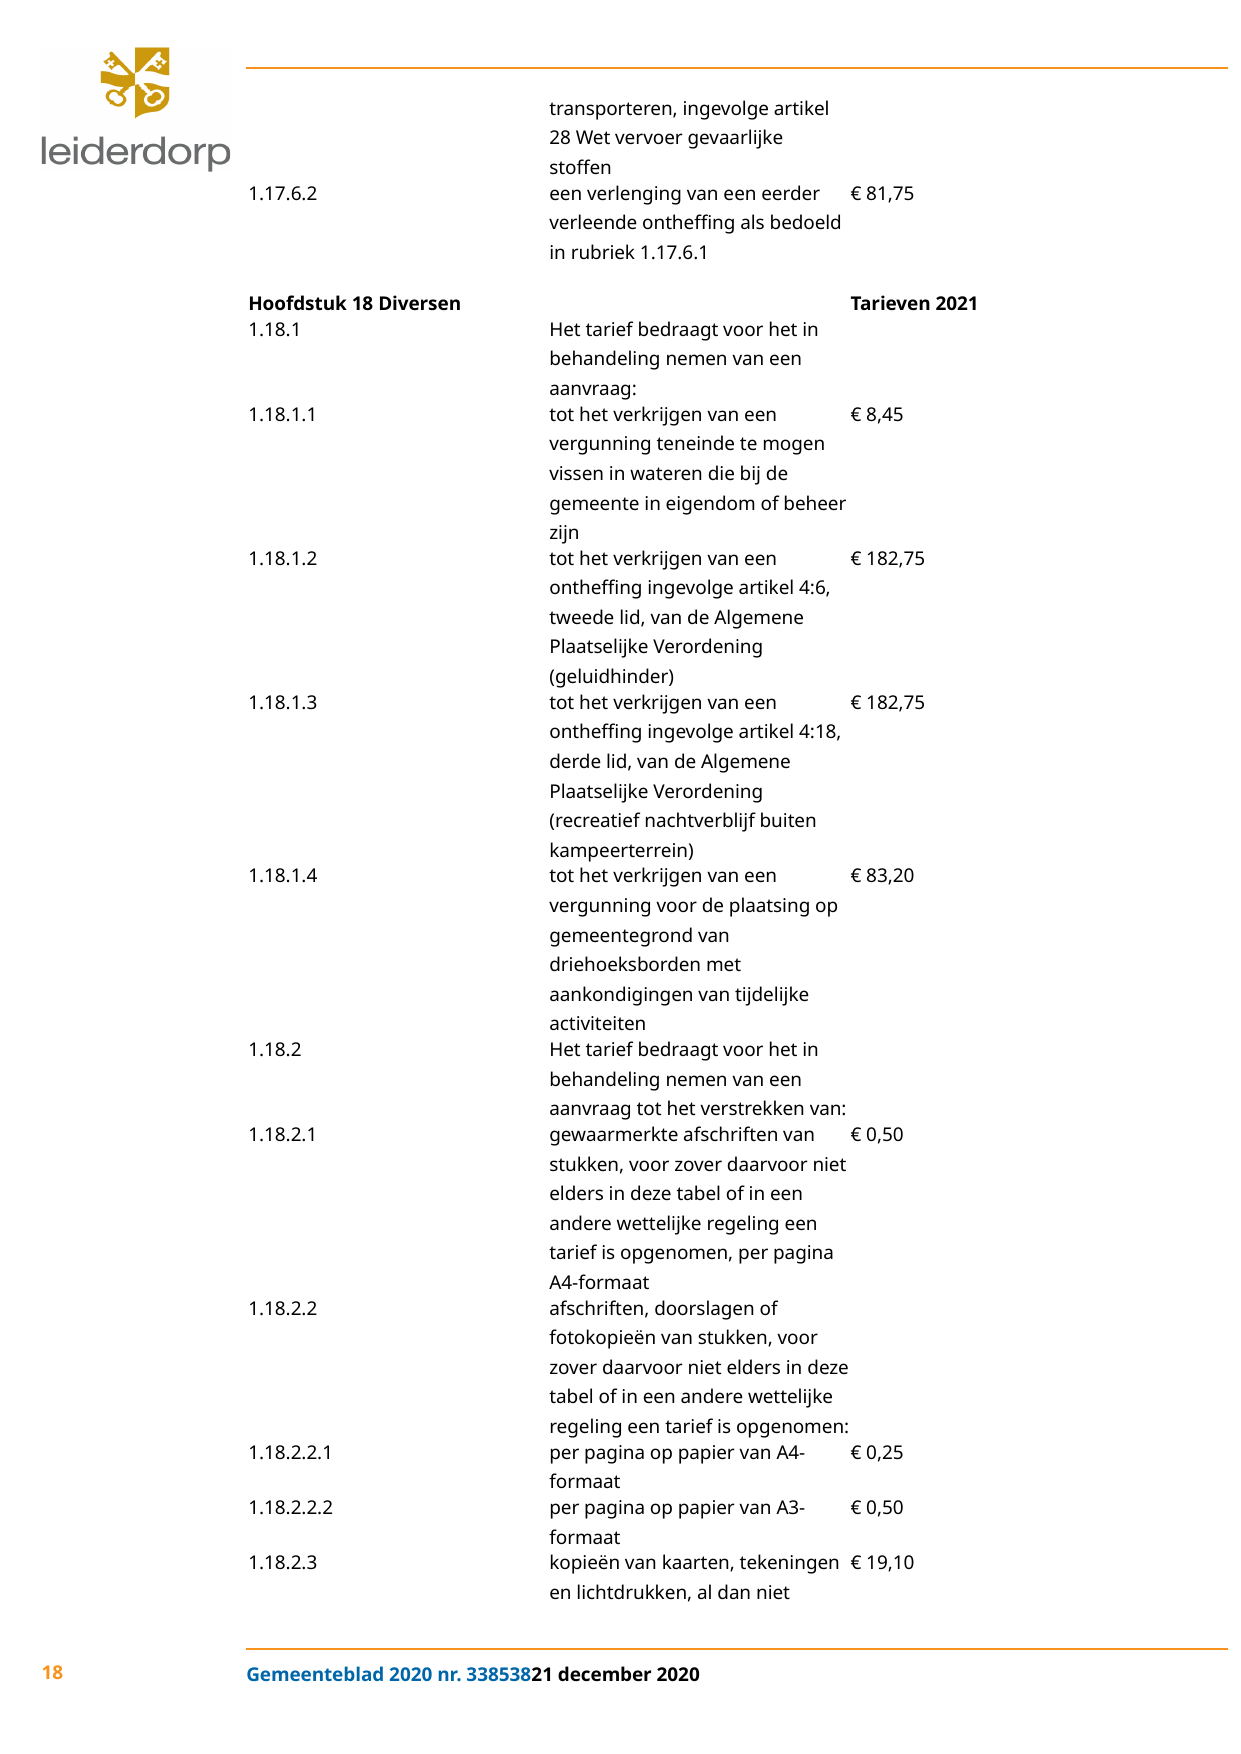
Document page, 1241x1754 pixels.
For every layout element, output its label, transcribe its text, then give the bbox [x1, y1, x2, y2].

table_cell 1.18.1.3 [248, 689, 549, 863]
table_cell € 81,75 [850, 180, 1152, 264]
table_cell [248, 95, 549, 180]
table_cell transporteren, ingevolge artikel 28 Wet vervoer gevaarlijke stoffen [549, 95, 850, 180]
table_cell tot het verkrijgen van een vergunning teneinde te mogen vissen in wateren die bij de gemeente in eigendom of beheer zijn [549, 401, 850, 545]
table_cell Het tarief bedraagt voor het in behandeling nemen van een aanvraag tot het verstrekken van: [549, 1036, 850, 1121]
picture [41, 47, 231, 172]
table_cell 1.17.6.2 [248, 180, 549, 264]
table_cell 1.18.1 [248, 316, 549, 401]
table_cell tot het verkrijgen van een ontheffing ingevolge artikel 4:18, derde lid, van de Algemene Plaatselijke Verordening (recreatief nachtverblijf buiten kampeerterrein) [549, 689, 850, 863]
table_cell € 182,75 [850, 689, 1152, 863]
table_cell Het tarief bedraagt voor het in behandeling nemen van een aanvraag: [549, 316, 850, 401]
table_cell Hoofdstuk 18 Diversen [248, 290, 850, 316]
table_cell 1.18.1.1 [248, 401, 549, 545]
table_cell 1.18.2.2.2 [248, 1494, 549, 1549]
table_cell [850, 1036, 1152, 1121]
table_cell € 83,20 [850, 863, 1152, 1036]
table_cell 1.18.2.3 [248, 1550, 549, 1605]
table_cell 1.18.2.1 [248, 1121, 549, 1295]
table_cell [850, 1295, 1152, 1439]
table_cell € 0,25 [850, 1439, 1152, 1494]
table_cell € 19,10 [850, 1550, 1152, 1605]
table_cell € 0,50 [850, 1494, 1152, 1549]
table_cell tot het verkrijgen van een ontheffing ingevolge artikel 4:6, tweede lid, van de Algemene Plaatselijke Verordening (geluidhinder) [549, 545, 850, 689]
table_cell 1.18.2.2 [248, 1295, 549, 1439]
table_cell per pagina op papier van A4-formaat [549, 1439, 850, 1494]
table_cell [248, 265, 850, 290]
table_cell tot het verkrijgen van een vergunning voor de plaatsing op gemeentegrond van driehoeksborden met aankondigingen van tijdelijke activiteiten [549, 863, 850, 1036]
table_cell [850, 95, 1152, 180]
table_cell € 182,75 [850, 545, 1152, 689]
table_cell 1.18.2 [248, 1036, 549, 1121]
table_cell afschriften, doorslagen of fotokopieën van stukken, voor zover daarvoor niet elders in deze tabel of in een andere wettelijke regeling een tarief is opgenomen: [549, 1295, 850, 1439]
table_cell een verlenging van een eerder verleende ontheffing als bedoeld in rubriek 1.17.6.1 [549, 180, 850, 264]
table_cell [850, 316, 1152, 401]
table_cell 1.18.1.2 [248, 545, 549, 689]
table_cell 1.18.2.2.1 [248, 1439, 549, 1494]
table_cell per pagina op papier van A3-formaat [549, 1494, 850, 1549]
table_cell € 8,45 [850, 401, 1152, 545]
table_cell € 0,50 [850, 1121, 1152, 1295]
table_cell gewaarmerkte afschriften van stukken, voor zover daarvoor niet elders in deze tabel of in een andere wettelijke regeling een tarief is opgenomen, per pagina A4-formaat [549, 1121, 850, 1295]
table_cell kopieën van kaarten, tekeningen en lichtdrukken, al dan niet [549, 1550, 850, 1605]
table_cell Tarieven 2021 [850, 290, 1152, 316]
table_cell [850, 265, 1152, 290]
table_cell 1.18.1.4 [248, 863, 549, 1036]

= = = = = = =

▶ **How to complete this task**:
Starting from the records above, filter out all lines except those containing the word "daarvoor".

▶ **Response area**:
table_cell afschriften, doorslagen of fotokopieën van stukken, voor zover daarvoor niet elders in deze tabel of in een andere wettelijke regeling een tarief is opgenomen: [549, 1295, 850, 1439]
table_cell gewaarmerkte afschriften van stukken, voor zover daarvoor niet elders in deze tabel of in een andere wettelijke regeling een tarief is opgenomen, per pagina A4-formaat [549, 1121, 850, 1295]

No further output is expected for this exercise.